According to Wednesday's report, we are getting close to discovering the nature of the “mysterious substance that is believed to hold the cosmos together:”


This amendment to the Big Bang Theory had better be good, for it involves another $2 billion of your tax money. Regressive physicists declare that they will soon know whether the missing matter “could be the strange and unknown dark matter or could be energy that originates from pulsars.”

First, let’s get rid of the idea that the missing matter “could be energy that originates from pulsars.” Energy does not exist. It is neither matter nor motion. Energy is a calculation (E=mc2) that describes the motion of matter. Although it is one of the pillars of regressive physics, “dark energy,” construed as matterless motion, likewise, neither exists nor occurs.

Second, dark matter appears to be real. For 80 years, astronomical observations have confirmed that many galaxies behave as if they have many times as much mass as can be seen with telescopes. As most of you know, gravitation between any two objects is dependent on their masses. Thus, if a small galaxy were to pass by a large galaxy, it would be pushed toward the larger galaxy. The curvature of its path would be dependent on its mass and the mass of the larger galaxy. Astronomers calculate the mass of a galaxy by estimating the number of stars that it has. For instance, our own star, the Sun, has a mass of 2 X 1030 kg. There are about 200 billion stars in are own galaxy, the Milky Way. The visible mass is about 4 X 1041 kg and the total mass is about 3 times that. So, you can see that dark matter is a problem.

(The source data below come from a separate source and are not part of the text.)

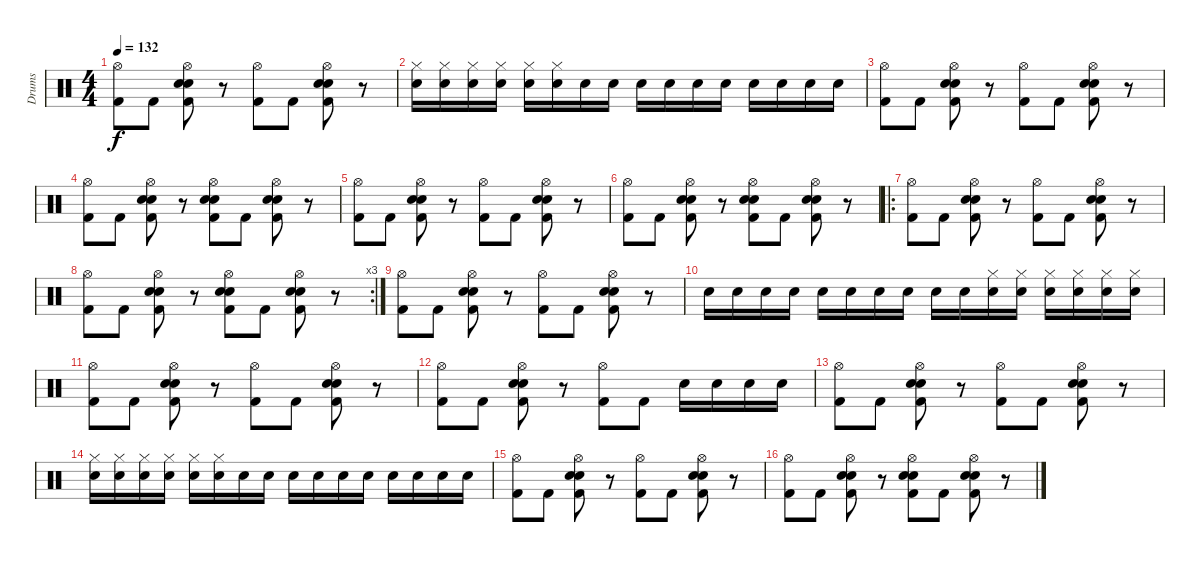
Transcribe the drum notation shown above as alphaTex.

\track ("Drums" "Drums") {instrument percussion}
\staff {score}
\articulation defaults
\ts (4 4)
\tempo 132
\clef neutral
\ks c
("Hi-Hat (open)" "Kick (hit) 2").8{dy f} "Kick (hit) 2".8 ("Hi-Hat (open)" "Electric Snare (hit)" "Snare (hit) 2" "Kick (hit) 2").8 r.8 ("Hi-Hat (open)" "Kick (hit) 2").8 "Kick (hit) 2".8 ("Hi-Hat (open)" "Electric Snare (hit)" "Snare (hit) 2" "Kick (hit) 2").8 r.8 |
("Hi-Hat (closed)" "Electric Snare (hit)").16 ("Hi-Hat (closed)" "Electric Snare (hit)").16 ("Hi-Hat (closed)" "Electric Snare (hit)").16 ("Hi-Hat (closed)" "Electric Snare (hit)").16 ("Hi-Hat (closed)" "Electric Snare (hit)").16 ("Hi-Hat (closed)" "Electric Snare (hit)").16 "Electric Snare (hit)".16 "Electric Snare (hit)".16 "Electric Snare (hit)".16 "Electric Snare (hit)".16 "Snare (hit) 2".16 "Snare (hit) 2".16 "Snare (hit) 2".16 "Snare (hit) 2".16 "Snare (hit) 2".16 "Snare (hit) 2".16 |
("Hi-Hat (open)" "Kick (hit) 2").8 "Kick (hit) 2".8 ("Hi-Hat (open)" "Electric Snare (hit)" "Snare (hit) 2" "Kick (hit) 2").8 r.8 ("Hi-Hat (open)" "Kick (hit) 2").8 "Kick (hit) 2".8 ("Hi-Hat (open)" "Electric Snare (hit)" "Snare (hit) 2" "Kick (hit) 2").8 r.8 |
("Hi-Hat (open)" "Kick (hit) 2").8 "Kick (hit) 2".8 ("Hi-Hat (open)" "Electric Snare (hit)" "Snare (hit) 2" "Kick (hit) 2").8 r.8 ("Hi-Hat (open)" "Electric Snare (hit)" "Snare (hit) 2" "Kick (hit) 2").8 "Kick (hit) 2".8 ("Hi-Hat (open)" "Electric Snare (hit)" "Snare (hit) 2" "Kick (hit) 2").8 r.8 |
("Hi-Hat (open)" "Kick (hit) 2").8 "Kick (hit) 2".8 ("Hi-Hat (open)" "Electric Snare (hit)" "Snare (hit) 2" "Kick (hit) 2").8 r.8 ("Hi-Hat (open)" "Kick (hit) 2").8 "Kick (hit) 2".8 ("Hi-Hat (open)" "Electric Snare (hit)" "Snare (hit) 2" "Kick (hit) 2").8 r.8 |
("Hi-Hat (open)" "Kick (hit) 2").8 "Kick (hit) 2".8 ("Hi-Hat (open)" "Electric Snare (hit)" "Snare (hit) 2" "Kick (hit) 2").8 r.8 ("Hi-Hat (open)" "Electric Snare (hit)" "Snare (hit) 2" "Kick (hit) 2").8 "Kick (hit) 2".8 ("Hi-Hat (open)" "Electric Snare (hit)" "Snare (hit) 2" "Kick (hit) 2").8 r.8 |
\ro
("Hi-Hat (open)" "Kick (hit) 2").8 "Kick (hit) 2".8 ("Hi-Hat (open)" "Electric Snare (hit)" "Snare (hit) 2" "Kick (hit) 2").8 r.8 ("Hi-Hat (open)" "Kick (hit) 2").8 "Kick (hit) 2".8 ("Hi-Hat (open)" "Electric Snare (hit)" "Snare (hit) 2" "Kick (hit) 2").8 r.8 |
\rc 3
("Hi-Hat (open)" "Kick (hit) 2").8 "Kick (hit) 2".8 ("Hi-Hat (open)" "Electric Snare (hit)" "Snare (hit) 2" "Kick (hit) 2").8 r.8 ("Hi-Hat (open)" "Electric Snare (hit)" "Snare (hit) 2" "Kick (hit) 2").8 "Kick (hit) 2".8 ("Hi-Hat (open)" "Electric Snare (hit)" "Snare (hit) 2" "Kick (hit) 2").8 r.8 |
("Hi-Hat (open)" "Kick (hit) 2").8 "Kick (hit) 2".8 ("Hi-Hat (open)" "Electric Snare (hit)" "Snare (hit) 2" "Kick (hit) 2").8 r.8 ("Hi-Hat (open)" "Kick (hit) 2").8 "Kick (hit) 2".8 ("Hi-Hat (open)" "Electric Snare (hit)" "Snare (hit) 2" "Kick (hit) 2").8 r.8 |
"Snare (hit) 2".16 "Snare (hit) 2".16 "Snare (hit) 2".16 "Snare (hit) 2".16 "Snare (hit) 2".16 "Snare (hit) 2".16 "Electric Snare (hit)".16 "Electric Snare (hit)".16 "Electric Snare (hit)".16 "Electric Snare (hit)".16 ("Hi-Hat (closed)" "Electric Snare (hit)").16 ("Hi-Hat (closed)" "Electric Snare (hit)").16 ("Hi-Hat (closed)" "Electric Snare (hit)").16 ("Hi-Hat (closed)" "Electric Snare (hit)").16 ("Hi-Hat (closed)" "Electric Snare (hit)").16 ("Hi-Hat (closed)" "Electric Snare (hit)").16 |
("Hi-Hat (open)" "Kick (hit) 2").8 "Kick (hit) 2".8 ("Hi-Hat (open)" "Electric Snare (hit)" "Snare (hit) 2" "Kick (hit) 2").8 r.8 ("Hi-Hat (open)" "Kick (hit) 2").8 "Kick (hit) 2".8 ("Hi-Hat (open)" "Electric Snare (hit)" "Snare (hit) 2" "Kick (hit) 2").8 r.8 |
("Hi-Hat (open)" "Kick (hit) 2").8 "Kick (hit) 2".8 ("Hi-Hat (open)" "Electric Snare (hit)" "Snare (hit) 2" "Kick (hit) 2").8 r.8 ("Hi-Hat (open)" "Kick (hit) 2").8 "Kick (hit) 2".8 "Snare (hit) 2".16 "Snare (hit) 2".16 "Snare (hit) 2".16 "Snare (hit) 2".16 |
("Hi-Hat (open)" "Kick (hit) 2").8 "Kick (hit) 2".8 ("Hi-Hat (open)" "Electric Snare (hit)" "Snare (hit) 2" "Kick (hit) 2").8 r.8 ("Hi-Hat (open)" "Kick (hit) 2").8 "Kick (hit) 2".8 ("Hi-Hat (open)" "Electric Snare (hit)" "Snare (hit) 2" "Kick (hit) 2").8 r.8 |
("Hi-Hat (closed)" "Electric Snare (hit)").16 ("Hi-Hat (closed)" "Electric Snare (hit)").16 ("Hi-Hat (closed)" "Electric Snare (hit)").16 ("Hi-Hat (closed)" "Electric Snare (hit)").16 ("Hi-Hat (closed)" "Electric Snare (hit)").16 ("Hi-Hat (closed)" "Electric Snare (hit)").16 "Electric Snare (hit)".16 "Electric Snare (hit)".16 "Electric Snare (hit)".16 "Electric Snare (hit)".16 "Snare (hit) 2".16 "Snare (hit) 2".16 "Snare (hit) 2".16 "Snare (hit) 2".16 "Snare (hit) 2".16 "Snare (hit) 2".16 |
("Hi-Hat (open)" "Kick (hit) 2").8 "Kick (hit) 2".8 ("Hi-Hat (open)" "Electric Snare (hit)" "Snare (hit) 2" "Kick (hit) 2").8 r.8 ("Hi-Hat (open)" "Kick (hit) 2").8 "Kick (hit) 2".8 ("Hi-Hat (open)" "Electric Snare (hit)" "Snare (hit) 2" "Kick (hit) 2").8 r.8 |
("Hi-Hat (open)" "Kick (hit) 2").8 "Kick (hit) 2".8 ("Hi-Hat (open)" "Electric Snare (hit)" "Snare (hit) 2" "Kick (hit) 2").8 r.8 ("Hi-Hat (open)" "Electric Snare (hit)" "Snare (hit) 2" "Kick (hit) 2").8 "Kick (hit) 2".8 ("Hi-Hat (open)" "Electric Snare (hit)" "Snare (hit) 2" "Kick (hit) 2").8 r.8

But what is dark matter? In our book, "Universal Cycle Theory: Neomechanics of the Hierarchically Infinite Universe,” Steve and I speculate that dark matter is ordinary (baryonic) matter. Vortex theory implies that rotation produces particle size segregation following Stokes Law. As you can see in our demonstration video at www.universalcycletheory.com, large particles in a vortex are pushed toward the center and small particles are pushed away from the center. Dark matter is the non-luminous stuff surrounding spinning galaxies and galactic clusters. This stuff could be planets, asteroids, rocks, molecules, atoms, or aether—anything that has mass. I would shy away from proposing aether as a possibility, because it is the cause of gravitation, except for one thing: aether too, has (immeasurable) mass, and must be entrained at especially high densities in the outer edges of any spinning vortex. Note that globular clusters are more or less spherical with almost no spin. As predicted by vortex theory, they have little dark matter.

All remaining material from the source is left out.